### Exercise
Could you show all lines in the entries below that contain the string "picture"?

___ Exercise data

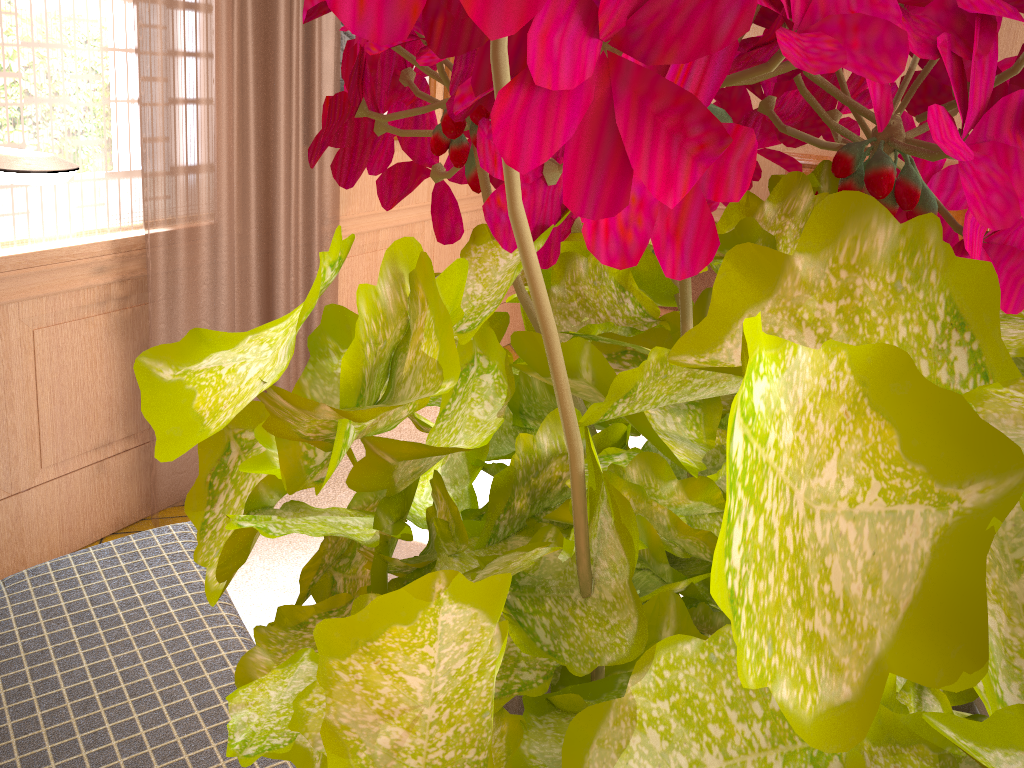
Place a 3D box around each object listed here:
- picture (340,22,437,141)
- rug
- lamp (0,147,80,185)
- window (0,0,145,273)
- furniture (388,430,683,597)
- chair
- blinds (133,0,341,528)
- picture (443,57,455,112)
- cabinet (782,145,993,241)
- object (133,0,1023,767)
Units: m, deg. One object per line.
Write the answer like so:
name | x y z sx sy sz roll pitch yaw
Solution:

______

### Reply
- picture (340,22,437,141)
- picture (443,57,455,112)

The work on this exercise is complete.